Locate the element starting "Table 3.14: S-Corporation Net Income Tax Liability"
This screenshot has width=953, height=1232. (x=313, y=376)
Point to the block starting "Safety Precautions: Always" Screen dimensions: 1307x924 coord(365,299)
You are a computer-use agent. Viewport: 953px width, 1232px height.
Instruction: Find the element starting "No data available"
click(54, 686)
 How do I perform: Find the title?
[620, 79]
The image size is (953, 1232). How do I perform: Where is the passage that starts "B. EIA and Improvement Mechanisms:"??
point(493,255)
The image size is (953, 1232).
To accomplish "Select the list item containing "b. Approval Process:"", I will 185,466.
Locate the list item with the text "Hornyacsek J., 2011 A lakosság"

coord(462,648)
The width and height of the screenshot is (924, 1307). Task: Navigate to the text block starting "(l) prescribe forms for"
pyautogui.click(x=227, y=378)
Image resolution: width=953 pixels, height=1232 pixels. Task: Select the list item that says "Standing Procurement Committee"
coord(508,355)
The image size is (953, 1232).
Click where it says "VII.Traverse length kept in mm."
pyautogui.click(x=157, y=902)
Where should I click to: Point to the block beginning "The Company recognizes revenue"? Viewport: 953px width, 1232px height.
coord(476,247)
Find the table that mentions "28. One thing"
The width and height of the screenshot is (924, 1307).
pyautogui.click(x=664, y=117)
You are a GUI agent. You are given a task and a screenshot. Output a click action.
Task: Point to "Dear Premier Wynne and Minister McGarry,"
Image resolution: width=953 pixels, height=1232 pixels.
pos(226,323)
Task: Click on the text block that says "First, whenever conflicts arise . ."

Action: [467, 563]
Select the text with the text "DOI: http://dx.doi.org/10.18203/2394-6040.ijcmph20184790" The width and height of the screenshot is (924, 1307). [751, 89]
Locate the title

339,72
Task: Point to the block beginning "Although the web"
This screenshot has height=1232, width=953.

+ + + + +

Problem to solve: Quote the entire listing above exactly.

Problem solution:
Locate the element starting "Table 3.14: S-Corporation Net Income Tax Liability"
This screenshot has width=953, height=1232. (x=313, y=376)
Point to the block starting "Safety Precautions: Always" Screen dimensions: 1307x924 coord(365,299)
You are a computer-use agent. Viewport: 953px width, 1232px height.
Instruction: Find the element starting "No data available"
click(54, 686)
 How do I perform: Find the title?
[620, 79]
The image size is (953, 1232). How do I perform: Where is the passage that starts "B. EIA and Improvement Mechanisms:"??
point(493,255)
The image size is (953, 1232).
To accomplish "Select the list item containing "b. Approval Process:"", I will 185,466.
Locate the list item with the text "Hornyacsek J., 2011 A lakosság"

coord(462,648)
The width and height of the screenshot is (924, 1307). Task: Navigate to the text block starting "(l) prescribe forms for"
pyautogui.click(x=227, y=378)
Image resolution: width=953 pixels, height=1232 pixels. Task: Select the list item that says "Standing Procurement Committee"
coord(508,355)
The image size is (953, 1232).
Click where it says "VII.Traverse length kept in mm."
pyautogui.click(x=157, y=902)
Where should I click to: Point to the block beginning "The Company recognizes revenue"? Viewport: 953px width, 1232px height.
coord(476,247)
Find the table that mentions "28. One thing"
The width and height of the screenshot is (924, 1307).
pyautogui.click(x=664, y=117)
You are a GUI agent. You are given a task and a screenshot. Output a click action.
Task: Point to "Dear Premier Wynne and Minister McGarry,"
Image resolution: width=953 pixels, height=1232 pixels.
pos(226,323)
Task: Click on the text block that says "First, whenever conflicts arise . ."

Action: [467, 563]
Select the text with the text "DOI: http://dx.doi.org/10.18203/2394-6040.ijcmph20184790" The width and height of the screenshot is (924, 1307). [751, 89]
Locate the title

339,72
Task: Point to the block beginning "Although the web"
This screenshot has height=1232, width=953.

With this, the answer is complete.